The ram is only needed for inline de duplication which no other platform does. If the live de dupe hash table is not in RAM performance will tank. If any other platform implemented live de dupe (i.e., at write time, not a scheduled job that tanks array performance when it runs out of hours) at block level it would have the same requirement.
There’s no way around storing the hash table in RAM without tanking performance. Period.
ZFS is the only platform that has the option for live dedupe, and thats the only unreasonable memory requirement.
You clearly do not know what you’re talking about.

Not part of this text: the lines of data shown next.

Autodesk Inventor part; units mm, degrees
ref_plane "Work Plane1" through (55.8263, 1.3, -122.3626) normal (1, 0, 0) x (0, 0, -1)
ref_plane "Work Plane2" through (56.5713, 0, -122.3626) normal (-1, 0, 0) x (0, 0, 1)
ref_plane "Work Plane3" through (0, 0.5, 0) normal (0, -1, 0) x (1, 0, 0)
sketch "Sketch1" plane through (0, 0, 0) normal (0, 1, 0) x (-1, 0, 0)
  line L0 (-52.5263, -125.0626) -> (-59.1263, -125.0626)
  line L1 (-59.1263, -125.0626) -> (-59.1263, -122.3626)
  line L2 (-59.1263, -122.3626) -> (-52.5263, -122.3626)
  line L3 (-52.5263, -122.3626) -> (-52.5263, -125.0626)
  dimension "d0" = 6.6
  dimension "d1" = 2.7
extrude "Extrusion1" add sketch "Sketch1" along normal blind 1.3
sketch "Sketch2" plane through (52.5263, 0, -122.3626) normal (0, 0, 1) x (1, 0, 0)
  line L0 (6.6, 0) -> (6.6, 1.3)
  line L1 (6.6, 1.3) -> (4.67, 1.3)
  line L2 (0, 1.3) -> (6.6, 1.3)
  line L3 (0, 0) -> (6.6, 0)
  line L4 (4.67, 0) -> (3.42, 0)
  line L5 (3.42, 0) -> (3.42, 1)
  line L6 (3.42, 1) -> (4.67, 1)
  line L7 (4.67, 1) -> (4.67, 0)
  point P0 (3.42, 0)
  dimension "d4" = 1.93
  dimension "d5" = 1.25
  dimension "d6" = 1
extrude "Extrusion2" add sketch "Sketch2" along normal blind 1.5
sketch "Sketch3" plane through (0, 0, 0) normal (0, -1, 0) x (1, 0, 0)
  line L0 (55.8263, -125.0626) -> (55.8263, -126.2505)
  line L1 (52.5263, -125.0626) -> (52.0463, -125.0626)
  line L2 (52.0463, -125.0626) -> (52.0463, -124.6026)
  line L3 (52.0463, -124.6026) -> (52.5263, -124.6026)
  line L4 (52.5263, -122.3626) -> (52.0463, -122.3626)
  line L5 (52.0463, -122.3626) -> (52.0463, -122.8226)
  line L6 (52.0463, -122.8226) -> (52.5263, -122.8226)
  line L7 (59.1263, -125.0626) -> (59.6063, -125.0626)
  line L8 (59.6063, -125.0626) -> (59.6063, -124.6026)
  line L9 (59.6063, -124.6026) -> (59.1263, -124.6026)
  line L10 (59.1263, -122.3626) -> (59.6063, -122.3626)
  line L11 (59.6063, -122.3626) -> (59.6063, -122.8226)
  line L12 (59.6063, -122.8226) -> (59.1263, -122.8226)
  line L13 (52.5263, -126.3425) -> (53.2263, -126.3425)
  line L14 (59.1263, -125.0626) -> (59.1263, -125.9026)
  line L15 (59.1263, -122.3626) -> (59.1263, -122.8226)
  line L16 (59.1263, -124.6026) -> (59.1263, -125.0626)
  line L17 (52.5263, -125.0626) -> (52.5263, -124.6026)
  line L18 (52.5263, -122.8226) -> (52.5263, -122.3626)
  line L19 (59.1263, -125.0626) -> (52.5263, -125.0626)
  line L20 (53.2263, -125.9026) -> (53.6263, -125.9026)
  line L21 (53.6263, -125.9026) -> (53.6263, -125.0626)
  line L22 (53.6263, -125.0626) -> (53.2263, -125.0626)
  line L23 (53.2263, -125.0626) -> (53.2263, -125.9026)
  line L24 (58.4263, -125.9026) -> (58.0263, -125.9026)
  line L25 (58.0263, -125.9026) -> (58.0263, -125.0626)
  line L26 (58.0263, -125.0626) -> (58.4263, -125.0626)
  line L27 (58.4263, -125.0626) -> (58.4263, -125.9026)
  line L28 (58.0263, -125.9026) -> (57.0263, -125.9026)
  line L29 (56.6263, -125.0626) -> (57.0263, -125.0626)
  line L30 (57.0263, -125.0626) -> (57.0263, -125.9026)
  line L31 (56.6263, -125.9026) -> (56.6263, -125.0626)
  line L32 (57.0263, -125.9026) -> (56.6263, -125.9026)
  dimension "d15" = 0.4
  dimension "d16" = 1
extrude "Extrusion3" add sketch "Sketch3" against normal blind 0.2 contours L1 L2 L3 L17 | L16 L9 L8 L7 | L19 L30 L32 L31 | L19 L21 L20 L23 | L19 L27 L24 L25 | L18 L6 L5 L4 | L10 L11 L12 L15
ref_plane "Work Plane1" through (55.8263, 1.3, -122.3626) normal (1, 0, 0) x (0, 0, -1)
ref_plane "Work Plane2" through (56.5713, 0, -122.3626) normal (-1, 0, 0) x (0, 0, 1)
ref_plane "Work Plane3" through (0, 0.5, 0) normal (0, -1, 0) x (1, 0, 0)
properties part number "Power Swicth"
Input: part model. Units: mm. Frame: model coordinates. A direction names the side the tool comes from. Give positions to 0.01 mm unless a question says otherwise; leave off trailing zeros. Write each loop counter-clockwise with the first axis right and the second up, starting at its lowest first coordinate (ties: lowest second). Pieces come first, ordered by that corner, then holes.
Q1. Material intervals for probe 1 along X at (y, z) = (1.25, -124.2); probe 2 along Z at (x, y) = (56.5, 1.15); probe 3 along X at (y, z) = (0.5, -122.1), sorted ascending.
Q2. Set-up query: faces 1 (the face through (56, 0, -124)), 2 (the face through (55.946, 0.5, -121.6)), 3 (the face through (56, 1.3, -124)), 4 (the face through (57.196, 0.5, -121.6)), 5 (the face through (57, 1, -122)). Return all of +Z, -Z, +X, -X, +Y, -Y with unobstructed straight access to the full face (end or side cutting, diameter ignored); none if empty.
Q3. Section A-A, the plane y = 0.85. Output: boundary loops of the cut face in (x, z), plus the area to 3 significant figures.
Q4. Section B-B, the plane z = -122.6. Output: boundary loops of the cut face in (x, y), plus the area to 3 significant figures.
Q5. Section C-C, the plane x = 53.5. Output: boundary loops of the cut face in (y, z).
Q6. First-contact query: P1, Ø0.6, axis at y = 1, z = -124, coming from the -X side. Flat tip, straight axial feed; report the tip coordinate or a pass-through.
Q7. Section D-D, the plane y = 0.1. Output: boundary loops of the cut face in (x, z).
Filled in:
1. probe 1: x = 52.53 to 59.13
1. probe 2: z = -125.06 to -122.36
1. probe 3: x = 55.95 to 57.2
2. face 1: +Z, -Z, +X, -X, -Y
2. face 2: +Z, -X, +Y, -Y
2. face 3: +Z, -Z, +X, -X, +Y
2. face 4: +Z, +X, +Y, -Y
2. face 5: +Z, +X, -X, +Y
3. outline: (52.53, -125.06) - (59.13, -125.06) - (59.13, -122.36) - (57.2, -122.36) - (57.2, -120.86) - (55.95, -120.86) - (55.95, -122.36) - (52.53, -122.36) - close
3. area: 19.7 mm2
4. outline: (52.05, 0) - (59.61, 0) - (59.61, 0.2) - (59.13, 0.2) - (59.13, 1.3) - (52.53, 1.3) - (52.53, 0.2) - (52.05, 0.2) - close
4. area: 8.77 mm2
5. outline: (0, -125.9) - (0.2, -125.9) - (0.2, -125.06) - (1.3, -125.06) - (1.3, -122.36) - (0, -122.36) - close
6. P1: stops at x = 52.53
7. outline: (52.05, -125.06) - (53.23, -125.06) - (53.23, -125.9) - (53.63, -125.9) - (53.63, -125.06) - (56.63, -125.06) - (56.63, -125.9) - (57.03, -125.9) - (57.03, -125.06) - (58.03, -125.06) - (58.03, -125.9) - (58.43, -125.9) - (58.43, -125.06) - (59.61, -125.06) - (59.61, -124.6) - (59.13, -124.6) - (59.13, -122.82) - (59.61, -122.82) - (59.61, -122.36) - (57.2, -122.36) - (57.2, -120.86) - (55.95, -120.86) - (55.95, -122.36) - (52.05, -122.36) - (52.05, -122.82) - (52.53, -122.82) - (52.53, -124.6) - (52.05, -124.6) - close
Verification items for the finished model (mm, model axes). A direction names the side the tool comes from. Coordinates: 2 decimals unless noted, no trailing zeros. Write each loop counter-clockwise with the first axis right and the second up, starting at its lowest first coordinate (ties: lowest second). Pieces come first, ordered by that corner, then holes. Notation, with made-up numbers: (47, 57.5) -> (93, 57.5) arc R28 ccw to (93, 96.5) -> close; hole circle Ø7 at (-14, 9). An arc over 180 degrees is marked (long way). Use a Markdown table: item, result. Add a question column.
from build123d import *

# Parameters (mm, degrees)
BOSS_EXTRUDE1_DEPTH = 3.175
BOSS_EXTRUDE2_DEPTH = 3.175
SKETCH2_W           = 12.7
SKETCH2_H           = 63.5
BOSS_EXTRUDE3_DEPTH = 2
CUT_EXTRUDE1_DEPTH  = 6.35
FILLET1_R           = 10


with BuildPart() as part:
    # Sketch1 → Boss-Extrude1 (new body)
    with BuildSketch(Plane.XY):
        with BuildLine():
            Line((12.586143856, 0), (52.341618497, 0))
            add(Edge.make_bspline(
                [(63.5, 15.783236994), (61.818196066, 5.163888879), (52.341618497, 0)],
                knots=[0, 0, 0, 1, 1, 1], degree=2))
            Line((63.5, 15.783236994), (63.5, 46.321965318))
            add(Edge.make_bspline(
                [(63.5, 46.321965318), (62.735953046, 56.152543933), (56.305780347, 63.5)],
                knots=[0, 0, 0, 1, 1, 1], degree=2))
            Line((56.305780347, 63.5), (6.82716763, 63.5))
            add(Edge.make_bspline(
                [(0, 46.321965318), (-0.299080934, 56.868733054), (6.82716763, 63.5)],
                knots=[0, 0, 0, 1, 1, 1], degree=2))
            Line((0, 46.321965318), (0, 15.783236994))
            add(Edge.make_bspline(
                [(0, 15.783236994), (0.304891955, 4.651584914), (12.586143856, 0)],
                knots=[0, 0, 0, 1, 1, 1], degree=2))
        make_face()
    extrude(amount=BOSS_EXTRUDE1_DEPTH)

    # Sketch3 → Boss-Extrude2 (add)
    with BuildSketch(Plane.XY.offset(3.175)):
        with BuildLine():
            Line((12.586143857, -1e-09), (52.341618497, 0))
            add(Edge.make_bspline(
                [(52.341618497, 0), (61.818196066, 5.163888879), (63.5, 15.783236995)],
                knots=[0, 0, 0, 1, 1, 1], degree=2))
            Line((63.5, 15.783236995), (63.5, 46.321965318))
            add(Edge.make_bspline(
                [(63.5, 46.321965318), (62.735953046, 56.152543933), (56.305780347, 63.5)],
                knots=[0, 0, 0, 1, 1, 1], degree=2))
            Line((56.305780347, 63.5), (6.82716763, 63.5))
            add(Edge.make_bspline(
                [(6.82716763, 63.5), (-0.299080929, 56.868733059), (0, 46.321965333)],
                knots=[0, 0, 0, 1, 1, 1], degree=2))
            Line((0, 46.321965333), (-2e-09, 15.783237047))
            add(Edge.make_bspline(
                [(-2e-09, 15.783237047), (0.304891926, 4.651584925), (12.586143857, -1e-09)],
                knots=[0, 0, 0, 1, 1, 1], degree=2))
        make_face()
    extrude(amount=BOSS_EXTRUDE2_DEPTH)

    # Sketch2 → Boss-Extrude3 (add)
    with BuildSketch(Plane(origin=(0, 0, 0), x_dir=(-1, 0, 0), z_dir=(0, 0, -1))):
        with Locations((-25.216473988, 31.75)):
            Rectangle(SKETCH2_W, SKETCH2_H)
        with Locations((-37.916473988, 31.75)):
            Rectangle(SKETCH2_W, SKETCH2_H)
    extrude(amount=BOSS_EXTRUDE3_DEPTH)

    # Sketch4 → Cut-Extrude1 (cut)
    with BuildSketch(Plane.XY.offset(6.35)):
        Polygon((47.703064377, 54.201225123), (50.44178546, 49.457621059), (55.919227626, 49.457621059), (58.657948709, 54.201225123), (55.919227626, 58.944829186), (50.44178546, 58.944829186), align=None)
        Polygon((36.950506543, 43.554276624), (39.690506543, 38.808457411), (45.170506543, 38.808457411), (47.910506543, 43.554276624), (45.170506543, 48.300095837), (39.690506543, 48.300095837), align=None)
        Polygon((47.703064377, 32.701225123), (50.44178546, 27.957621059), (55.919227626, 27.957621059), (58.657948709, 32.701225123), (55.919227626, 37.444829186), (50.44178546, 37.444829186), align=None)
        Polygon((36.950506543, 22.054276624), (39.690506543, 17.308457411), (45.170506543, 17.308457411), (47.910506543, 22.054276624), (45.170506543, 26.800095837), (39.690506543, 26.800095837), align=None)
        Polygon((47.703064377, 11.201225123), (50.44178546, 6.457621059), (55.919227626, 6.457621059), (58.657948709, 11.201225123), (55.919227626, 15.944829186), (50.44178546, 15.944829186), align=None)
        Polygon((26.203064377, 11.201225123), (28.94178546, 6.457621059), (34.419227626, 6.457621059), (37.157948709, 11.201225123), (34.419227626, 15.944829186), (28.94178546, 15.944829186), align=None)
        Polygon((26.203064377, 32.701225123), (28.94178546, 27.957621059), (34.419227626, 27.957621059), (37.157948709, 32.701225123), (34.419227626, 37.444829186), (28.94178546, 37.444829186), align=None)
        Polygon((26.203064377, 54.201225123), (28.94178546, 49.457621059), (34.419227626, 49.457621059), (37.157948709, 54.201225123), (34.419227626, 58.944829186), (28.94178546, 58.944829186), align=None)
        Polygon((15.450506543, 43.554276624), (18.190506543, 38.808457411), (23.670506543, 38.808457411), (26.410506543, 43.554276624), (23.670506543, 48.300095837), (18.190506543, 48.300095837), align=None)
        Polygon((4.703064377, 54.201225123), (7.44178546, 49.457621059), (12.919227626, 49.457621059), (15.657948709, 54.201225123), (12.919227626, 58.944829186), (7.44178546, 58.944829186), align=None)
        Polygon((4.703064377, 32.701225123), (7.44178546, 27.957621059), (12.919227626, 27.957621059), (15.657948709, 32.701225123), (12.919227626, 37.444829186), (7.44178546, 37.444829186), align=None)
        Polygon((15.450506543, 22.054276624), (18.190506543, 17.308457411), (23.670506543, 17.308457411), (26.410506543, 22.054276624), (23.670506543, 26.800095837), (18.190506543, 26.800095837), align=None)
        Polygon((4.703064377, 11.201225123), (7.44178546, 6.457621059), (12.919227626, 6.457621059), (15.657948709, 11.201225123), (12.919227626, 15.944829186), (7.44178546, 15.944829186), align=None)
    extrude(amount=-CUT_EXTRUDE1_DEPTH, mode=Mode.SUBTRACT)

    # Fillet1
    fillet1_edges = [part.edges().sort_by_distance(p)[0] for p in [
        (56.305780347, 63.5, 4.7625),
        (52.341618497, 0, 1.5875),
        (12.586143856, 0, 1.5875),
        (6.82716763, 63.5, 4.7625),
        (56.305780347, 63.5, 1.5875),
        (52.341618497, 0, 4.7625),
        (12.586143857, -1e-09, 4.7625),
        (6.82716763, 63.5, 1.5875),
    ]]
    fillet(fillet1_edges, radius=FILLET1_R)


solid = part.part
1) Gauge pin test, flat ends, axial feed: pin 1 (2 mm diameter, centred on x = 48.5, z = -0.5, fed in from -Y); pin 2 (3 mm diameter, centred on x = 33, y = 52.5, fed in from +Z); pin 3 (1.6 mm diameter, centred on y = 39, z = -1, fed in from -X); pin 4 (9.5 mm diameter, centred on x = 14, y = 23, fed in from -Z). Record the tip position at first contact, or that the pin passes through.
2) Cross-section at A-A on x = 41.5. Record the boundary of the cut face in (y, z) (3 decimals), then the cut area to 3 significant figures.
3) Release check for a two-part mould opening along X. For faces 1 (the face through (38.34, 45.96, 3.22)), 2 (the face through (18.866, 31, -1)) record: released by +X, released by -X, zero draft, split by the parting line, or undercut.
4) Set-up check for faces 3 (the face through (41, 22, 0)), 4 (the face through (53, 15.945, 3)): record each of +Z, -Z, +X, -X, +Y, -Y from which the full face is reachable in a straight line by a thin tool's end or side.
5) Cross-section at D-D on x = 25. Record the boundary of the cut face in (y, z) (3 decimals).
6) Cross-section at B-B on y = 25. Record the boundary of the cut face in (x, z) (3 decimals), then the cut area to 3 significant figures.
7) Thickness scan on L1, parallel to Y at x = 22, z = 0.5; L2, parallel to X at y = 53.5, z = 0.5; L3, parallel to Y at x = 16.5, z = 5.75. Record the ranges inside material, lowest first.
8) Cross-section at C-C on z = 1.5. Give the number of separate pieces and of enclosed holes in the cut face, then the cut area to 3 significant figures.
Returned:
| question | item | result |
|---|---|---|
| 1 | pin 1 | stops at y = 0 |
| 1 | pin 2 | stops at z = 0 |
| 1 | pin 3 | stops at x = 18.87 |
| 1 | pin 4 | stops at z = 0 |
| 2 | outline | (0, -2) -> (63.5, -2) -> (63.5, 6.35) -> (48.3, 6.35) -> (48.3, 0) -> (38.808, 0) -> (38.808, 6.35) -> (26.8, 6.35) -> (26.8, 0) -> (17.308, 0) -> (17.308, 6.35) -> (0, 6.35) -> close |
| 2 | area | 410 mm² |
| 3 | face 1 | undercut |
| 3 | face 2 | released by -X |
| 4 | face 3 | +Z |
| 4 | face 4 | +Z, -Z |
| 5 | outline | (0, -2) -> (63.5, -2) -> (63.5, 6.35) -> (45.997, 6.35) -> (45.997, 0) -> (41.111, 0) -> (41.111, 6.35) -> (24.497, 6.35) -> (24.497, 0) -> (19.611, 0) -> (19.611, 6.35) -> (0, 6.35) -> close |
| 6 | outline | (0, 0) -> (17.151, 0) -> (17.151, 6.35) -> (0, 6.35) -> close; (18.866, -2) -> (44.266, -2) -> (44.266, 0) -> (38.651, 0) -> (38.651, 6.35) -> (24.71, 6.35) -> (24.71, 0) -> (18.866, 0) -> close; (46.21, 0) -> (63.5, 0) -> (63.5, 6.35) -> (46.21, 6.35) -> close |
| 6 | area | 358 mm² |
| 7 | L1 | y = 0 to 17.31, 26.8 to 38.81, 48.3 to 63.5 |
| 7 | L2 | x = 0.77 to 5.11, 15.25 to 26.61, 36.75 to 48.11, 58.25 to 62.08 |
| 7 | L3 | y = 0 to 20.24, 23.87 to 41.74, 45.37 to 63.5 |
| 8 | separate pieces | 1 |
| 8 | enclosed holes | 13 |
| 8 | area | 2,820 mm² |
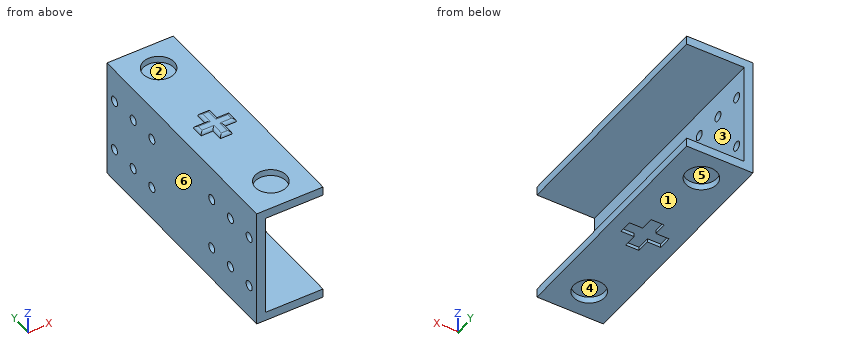
```python
from build123d import *

# Parameters (mm, degrees)
ESQUISSE1_W             = 22.5
ESQUISSE1_H             = 80
BOSS_EXTRU_1_DEPTH      = 3
ESQUISSE2_W             = 3
ESQUISSE2_H             = 80
BOSS_EXTRU_2_DEPTH      = 35
ESQUISSE3_W             = 22.5
ESQUISSE3_H             = 80
BOSS_EXTRU_3_DEPTH      = 3
ESQUISSE4_R             = 5.25
ENL_V_MAT_EXTRU_1_DEPTH = 2.2
ENL_V_START             = -1.8
ENL_V_MAT_EXTRU_2_DEPTH = 1.2
ENL_V_START_2           = -2.2
ESQUISSE6_R             = 5.25
ENL_V_MAT_EXTRU_3_DEPTH = 2.2
BOSS_EXTRU_4_DEPTH      = 1
ESQUISSE8_R             = 1.6
ENL_V_MAT_EXTRU_4_DEPTH = 4
CONG_2_R                = 1


with BuildPart() as part:
    # Esquisse1 → Boss.-Extru.1 (new body)
    with BuildSketch(Plane.XY):
        with Locations((11.25, 40)):
            Rectangle(ESQUISSE1_W, ESQUISSE1_H)
    extrude(amount=BOSS_EXTRU_1_DEPTH)

    # Esquisse2 → Boss.-Extru.2 (add)
    with BuildSketch(Plane.XY.offset(3)):
        with Locations((1.5, 40)):
            Rectangle(ESQUISSE2_W, ESQUISSE2_H)
    extrude(amount=BOSS_EXTRU_2_DEPTH)

    # Esquisse3 → Boss.-Extru.3 (add)
    with BuildSketch(Plane.XY.offset(38)):
        with Locations((11.25, 40)):
            Rectangle(ESQUISSE3_W, ESQUISSE3_H)
    extrude(amount=BOSS_EXTRU_3_DEPTH)

    # Esquisse4 → Enlèv. mat.-Extru.1 (cut)
    with BuildSketch(Plane(origin=(0, 0, 0), x_dir=(-1, 0, 0), z_dir=(0, 0, -1))):
        with Locations((-11.25, 10.15)):
            Circle(ESQUISSE4_R)
        with Locations((-11.25, 70.15)):
            Circle(ESQUISSE4_R)
    extrude(amount=-ENL_V_MAT_EXTRU_1_DEPTH, mode=Mode.SUBTRACT)

    # Esquisse5 → Enlèv. mat.-Extru.2 (cut)
    with BuildSketch(Plane.XY.offset(3).offset(ENL_V_START)):
        Polygon((4.5, 37.75), (9, 37.75), (9, 33.25), (13.5, 33.25), (13.5, 37.75), (18, 37.75), (18, 42.25), (13.5, 42.25), (13.5, 46.75), (9, 46.75), (9, 42.25), (4.5, 42.25), align=None)
    extrude(amount=-ENL_V_MAT_EXTRU_2_DEPTH, mode=Mode.SUBTRACT)

    # Esquisse6 → Enlèv. mat.-Extru.3 (cut)
    with BuildSketch(Plane.XY.offset(41).offset(ENL_V_START_2)):
        with Locations(Location((11.25, 10.15, 0), (0, 0, 180))):
            Circle(ESQUISSE6_R)
        with Locations(Location((11.25, 70.15, 0), (0, 0, 180))):
            Circle(ESQUISSE6_R)
    extrude(amount=ENL_V_MAT_EXTRU_3_DEPTH, mode=Mode.SUBTRACT)

    # Esquisse7 → Boss.-Extru.4 (add)
    with BuildSketch(Plane.XY.offset(41)):
        Polygon((5.25, 42), (9.25, 42), (9.25, 46), (13.25, 46), (13.25, 42), (17.25, 42), (17.25, 38), (13.25, 38), (13.25, 34), (9.25, 34), (9.25, 38), (5.25, 38), align=None)
    extrude(amount=BOSS_EXTRU_4_DEPTH)

    # Esquisse8 → Enlèv. mat.-Extru.4 (cut)
    with BuildSketch(Plane.ZY):
        with Locations((29.5, 76)):
            Circle(ESQUISSE8_R)
        with Locations((29.5, 66)):
            Circle(ESQUISSE8_R)
        with Locations((29.5, 56)):
            Circle(ESQUISSE8_R)
        with Locations((11.5, 76)):
            Circle(ESQUISSE8_R)
        with Locations((11.5, 66)):
            Circle(ESQUISSE8_R)
        with Locations((11.5, 56)):
            Circle(ESQUISSE8_R)
        with Locations((11.5, 4)):
            Circle(ESQUISSE8_R)
        with Locations((11.5, 14)):
            Circle(ESQUISSE8_R)
        with Locations((11.5, 24)):
            Circle(ESQUISSE8_R)
        with Locations((29.5, 24)):
            Circle(ESQUISSE8_R)
        with Locations((29.5, 14)):
            Circle(ESQUISSE8_R)
        with Locations((29.5, 4)):
            Circle(ESQUISSE8_R)
    extrude(amount=-ENL_V_MAT_EXTRU_4_DEPTH, mode=Mode.SUBTRACT)

    # Congé2
    cong_2_edges = [part.edges().sort_by_distance(p)[0] for p in [
        (11.25, 46, 42),
        (9.25, 44, 42),
        (13.25, 44, 42),
        (15.25, 42, 42),
        (17.25, 40, 42),
        (15.25, 38, 42),
        (13.25, 36, 42),
        (9.25, 36, 42),
        (7.25, 38, 42),
        (7.25, 42, 42),
        (5.25, 40, 42),
        (11.25, 34, 42),
    ]]
    fillet(cong_2_edges, radius=CONG_2_R - 0.0001)  # a hair under: the kernel refuses the full size


solid = part.part
```
Check sheet for the modelled part. Datum: model origin and axes. Units: mm. Face numbers are marked on the shaded views. A direction names the side the tool comes from. Give positions to 0.01 mm unless a question says otherwise; leave off trailing zeros. Loops run counter-clockwise (first coordinate to the right, second up) from the corner with the lowest first, then second, coordinate; pieces in that order, holes last. Notation, with made-up numbers: (62, 28.25) - (120, 28.25) arc R17 cw to (120, 53.25) - close; hole circle Ø1 at (-11.75, 57). An arc over 180 degrees is marked (long way). One line per question, with ' | ' between items. Start each with the question number.
1. Cross-section at A-A, the plane y = 4. Enter the section's corners in (x, z), plus the area to 3 significant figures.
2. Material ranges on line 1 along Y through (x, z) = (11.25, 40.1); line 2 along Z through (x, y) = (1, 66); line 3 along Z through (x, y) = (17, 33), recorded low to high. Write a range as [from, to].
3. Set-up check for the marked faces 1, 2, 3 and 4: record each of +Z, -Z, +X, -X, +Y, -Y from which the full face is reachable in a straight line by a thin tool's end or side.
4. Gauge pin test, flat ends, axial feed: pin 1 Ø5 at (x, y) = (15.5, 64) entering from +Z; pin 2 Ø6 at (y, z) = (37.5, 12.5) entering from +X. Record the tip position at first contact, or that the pin passes through.
5. Cross-section at B-B, the plane z = 29.5. Enter the section's corners in (x, y).
6. Cross-section at C-C, the plane y = 27.5. Enter the section's corners in (x, z), plus the area to 3 significant figures.
7. Draft check along Y on the marked faces 5 and 6. Enter one of: released by +Y, released by -Y, zero draft, split by the parting line, or undercut.
Check result:
1) outline: (0, 0) - (22.5, 0) - (22.5, 3) - (3, 3) - (3, 9.9) - (0, 9.9) - close; (0, 13.1) - (3, 13.1) - (3, 27.9) - (0, 27.9) - close; (0, 31.1) - (3, 31.1) - (3, 38) - (22.5, 38) - (22.5, 41) - (0, 41) - close | area: 221 mm2
2) line 1: y = [0, 4.9], [15.4, 64.9], [75.4, 80] | line 2: z = [0, 9.9], [13.1, 27.9], [31.1, 41] | line 3: z = [0, 3], [38, 41]
3) face 1: -Z, +X, -X, +Y, -Y | face 2: +Z | face 3: +X, +Y, -Y | face 4: -Z
4) pin 1: stops at z = 41 | pin 2: stops at x = 3
5) outline: (0, 0) - (3, 0) - (3, 2.4) - (0, 2.4) - close; (0, 5.6) - (3, 5.6) - (3, 12.4) - (0, 12.4) - close; (0, 15.6) - (3, 15.6) - (3, 22.4) - (0, 22.4) - close; (0, 25.6) - (3, 25.6) - (3, 54.4) - (0, 54.4) - close; (0, 57.6) - (3, 57.6) - (3, 64.4) - (0, 64.4) - close; (0, 67.6) - (3, 67.6) - (3, 74.4) - (0, 74.4) - close; (0, 77.6) - (3, 77.6) - (3, 80) - (0, 80) - close
6) outline: (0, 0) - (22.5, 0) - (22.5, 3) - (3, 3) - (3, 38) - (22.5, 38) - (22.5, 41) - (0, 41) - close | area: 240 mm2
7) face 5: undercut | face 6: zero draft

so lets say we have 1tb for me to use 1gB of storage space to store a hash table would require a pretty substantial amount of files, given say a sha1 hash is only 20bytes, if we alotted another average of 1000bytes for storing a exact path/file name, were talking a massive 1020bytes if we do the basic math 1,000,000,000/1020=980,392.1568627451, then if we were to divide 1,000,000,000,000/980,392.1568627451 we get a scant 1,020,000 files, with an average of that same 980,392.1568627451 but in bytes so a touch under 1mb
where if they were to say hash the filename, or assign a number or something to identify the file other than a possibly long full path(given a fairly standard 255 character file name limit), to say be a 64bit/8byte number, plus those 20bytes for an sha1 hash, results in a pretty significant reduction in size of the table you would actually benefit from being fast(as knowing the full path/name would only be relevant if you already found a match and wanted to remove one or whatever) with said 28bytes would only take 35 some million files to equal one gigabyte resulting in a massive average of 28kilobytes per file if that was only 1tb
i dont know about you but never known anyone to have such a vast collection of text files or very low resolution jpgs or something, let alone to consider such a thing normal enough to warrant a recommendation, or maybe they arent doing it nearly as compactly as they could
Have you ever looked at filesystem code? If not, this will be a good exercise. Let’s compare some code.
has anyone used dm-dedup?
I’m so down
You seem to not understand the use-case behind ZFS.
Don’t get me wrong, EXT4 isn’t bad, it’s just not as good for the use case I want. I want checksumming, volume management copy-on-write snapshots and encryption.
ZFS was never designed for normies. It was designed to hold multiple PB of data reliably. And to that end, I’d say that it does a good job.
I haven’t. Never heard of it. Sounds interesting though, now that I’ve looked at it.
Everyone craps on ntfs and maybe rightfully so but server 2016 has deduplication and volume shadow copy is actually nice.
This is very nice.
I don’t know about dedupe on ntfs, so I can’t speak to it, but I know that shadow copies have saved my bacon a couple times in the past.
One way or another though, i’m not sure I fully trust NTFS.